1948 Chicago Colleens
Front row, L-R: Doris Tetzlaff, Charlene Barnett, Betty Whiting, Marilyn Olinger, Beulah Anne Georges. Eileen Albright, Rita Briggs. Second row, L-R: Donna Cook, Betty Tucker, Dave Bancroft (manager), Mirtha Marrero, Migdalia Pérez. Back row, L-R: Kathryn Vonderau, Josephine Kabick, Eleanor Callow, Dolores Wilson, Dorice Reid, Margaret Johnson (chaperone).

The Chicago Colleens were a women's professional baseball team who played in the All-American Girls Professional Baseball League (AAGPBL) from 1948 to 1951, evolving into a development team. The team was based Chicago, Illinois, and played their home games at Shewbridge Field.

==History==
The Colleens joined the strong Eastern Division in the 1948 season and were managed by former Major League player Dave Bancroft. The team was the worst in the league, getting roughed up as a last-place expansion club with a 47–76 record, ending twenty nine and a half games out of the first place spot in the division. The only team to do worse, the Springfield Sallies of the Western Division, ended 41–84 in last place, 35.5 games out of 1st place. Both teams lost their franchises by the end of that season.

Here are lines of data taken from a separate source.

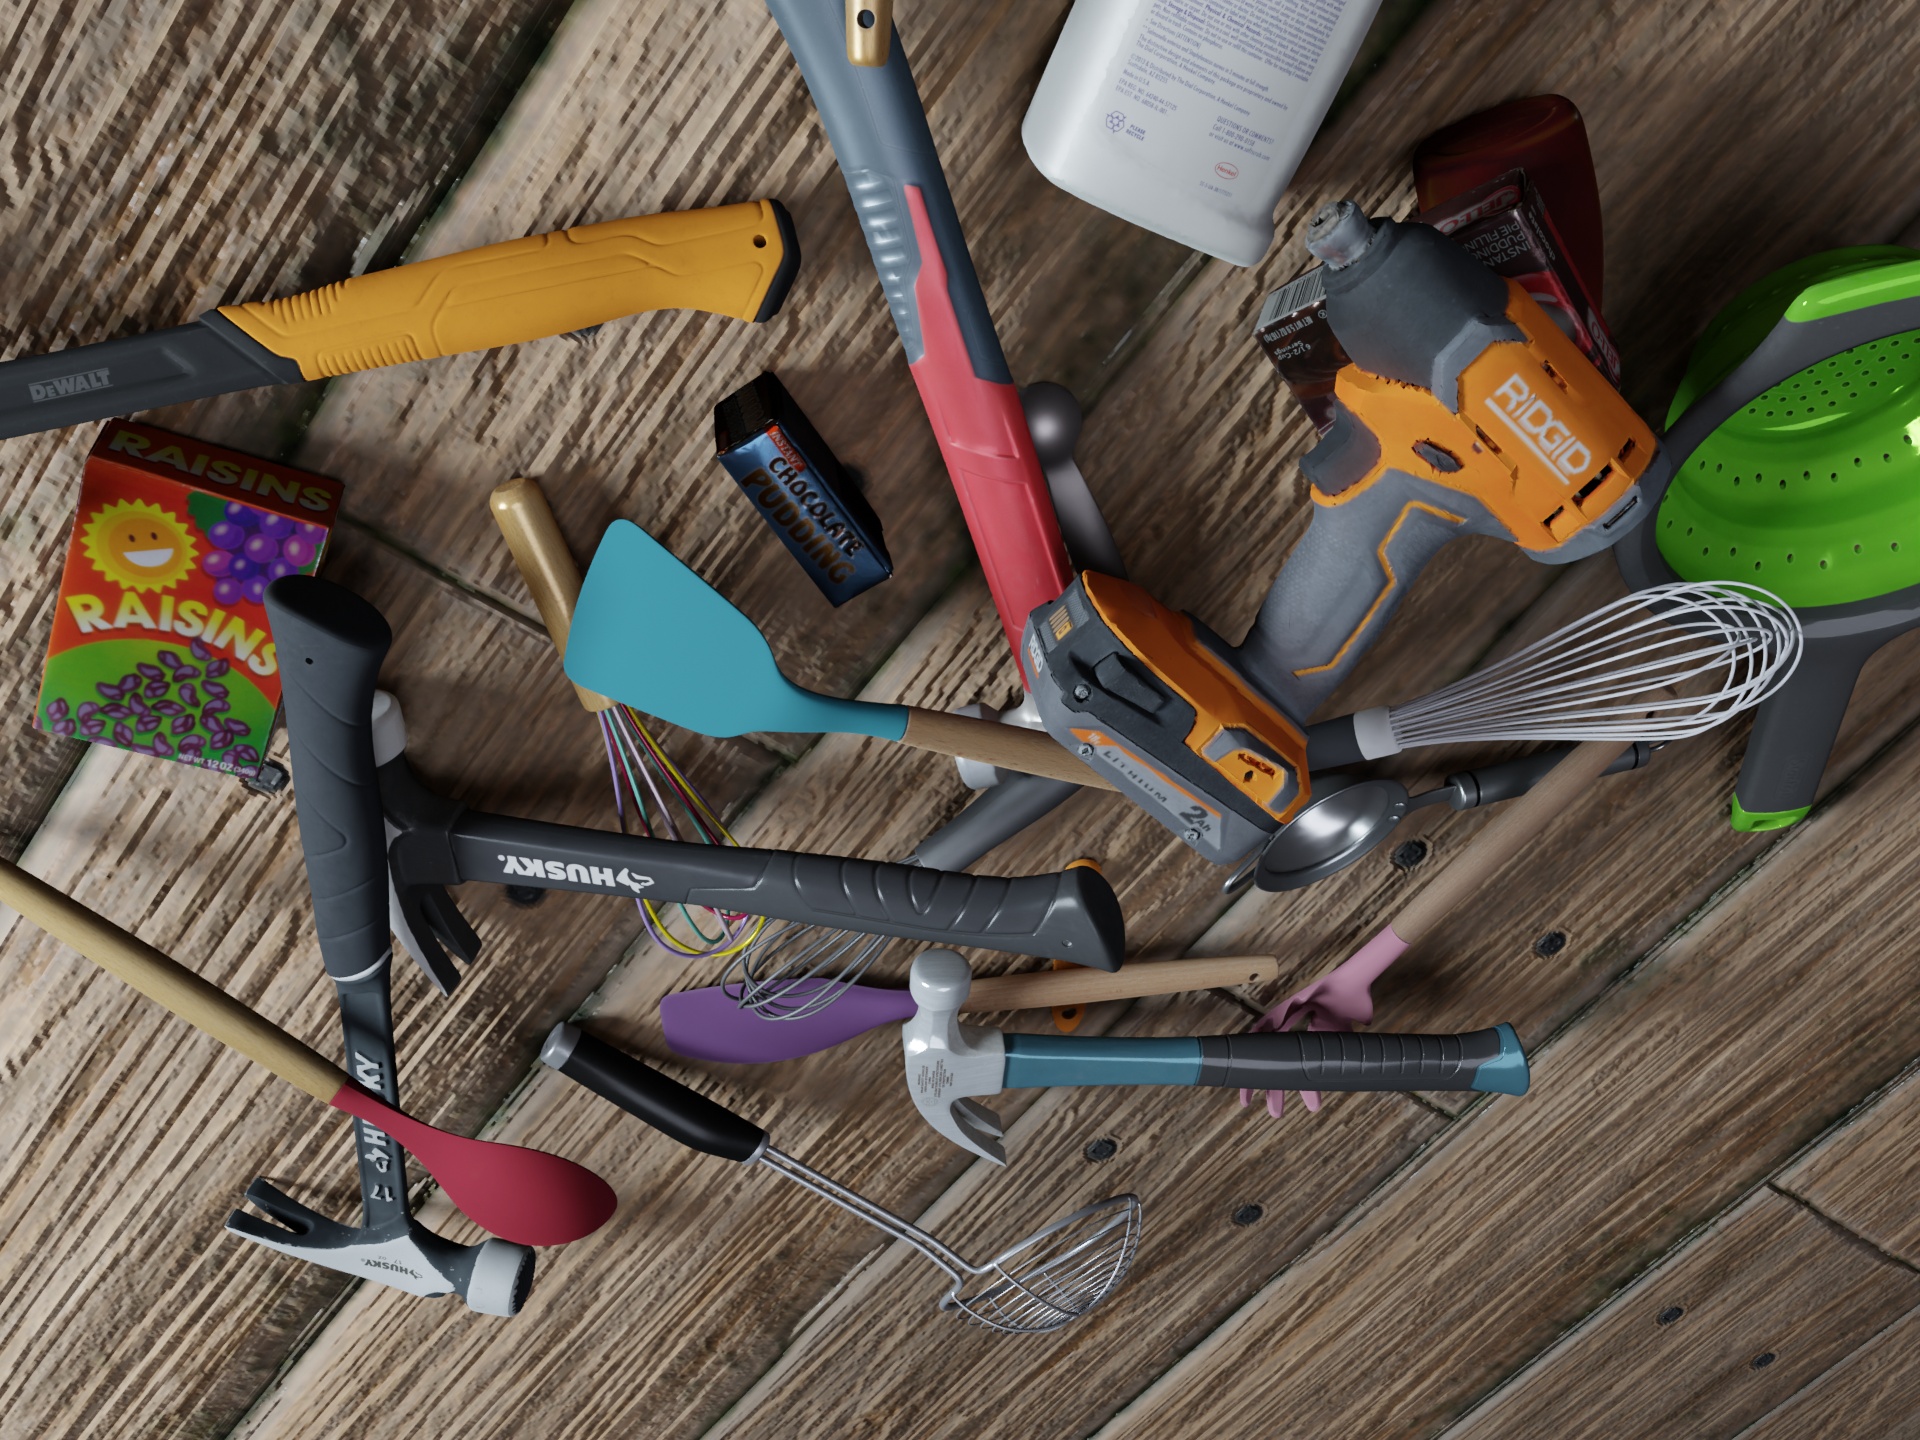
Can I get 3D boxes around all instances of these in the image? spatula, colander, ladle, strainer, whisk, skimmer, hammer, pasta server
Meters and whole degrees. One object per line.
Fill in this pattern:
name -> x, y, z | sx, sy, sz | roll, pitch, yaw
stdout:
spatula -> 0.007, 0.143, 0.814 | 0.316, 0.018, 0.059 | -6, 127, -4
colander -> 0.388, -0.081, 0.724 | 0.204, 0.095, 0.396 | -8, 144, 11
ladle -> -0.287, 0.142, 0.680 | 0.315, 0.031, 0.069 | 36, 126, -11
strainer -> 0.240, 0.036, 0.790 | 0.258, 0.050, 0.086 | -12, 145, -12
whisk -> -0.139, 0.007, 0.684 | 0.047, 0.051, 0.244 | -3, 123, 25
whisk -> 0.217, -0.002, 0.706 | 0.284, 0.070, 0.070 | -16, 129, 27
skimmer -> -0.057, 0.236, 0.861 | 0.363, 0.090, 0.127 | 34, 121, -18
hammer -> 0.015, -0.138, 0.605 | 0.143, 0.038, 0.385 | -14, 125, 10
pasta server -> 0.244, 0.096, 0.806 | 0.060, 0.040, 0.316 | 23, 124, -21
hammer -> -0.265, 0.117, 0.695 | 0.149, 0.036, 0.408 | 11, 125, 2
hammer -> 0.135, 0.174, 0.817 | 0.331, 0.033, 0.128 | 2, 125, -7
whisk -> -0.015, 0.066, 0.750 | 0.239, 0.055, 0.055 | -37, 123, 7
spatula -> -0.001, -0.002, 0.661 | 0.317, 0.044, 0.082 | 13, 127, -21
hammer -> -0.223, -0.143, 0.554 | 0.337, 0.034, 0.127 | -14, 96, -10
hammer -> -0.098, 0.070, 0.664 | 0.335, 0.035, 0.146 | 6, 126, 11

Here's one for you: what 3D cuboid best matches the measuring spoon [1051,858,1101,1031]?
measuring spoon -> 0.060, 0.120, 0.821 | 0.021, 0.011, 0.116 | -4, 124, -10

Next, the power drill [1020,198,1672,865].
power drill -> 0.127, -0.070, 0.592 | 0.164, 0.084, 0.226 | 38, 108, -23

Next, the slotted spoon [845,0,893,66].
slotted spoon -> -0.024, -0.354, 0.450 | 0.070, 0.031, 0.313 | 5, 114, 5

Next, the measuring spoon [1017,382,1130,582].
measuring spoon -> 0.052, -0.086, 0.677 | 0.034, 0.018, 0.124 | -24, 122, 4

From 1949 through 1950, the Colleens and the Sallies became rookie development teams that played exclusively exhibition games. Their tours included contests at Griffith Stadium and Yankee Stadium. The team dissolved entirely by 1951.

AAGPBL executive Mitch Skupien, who later managed in the league, served as the general manager for both touring teams.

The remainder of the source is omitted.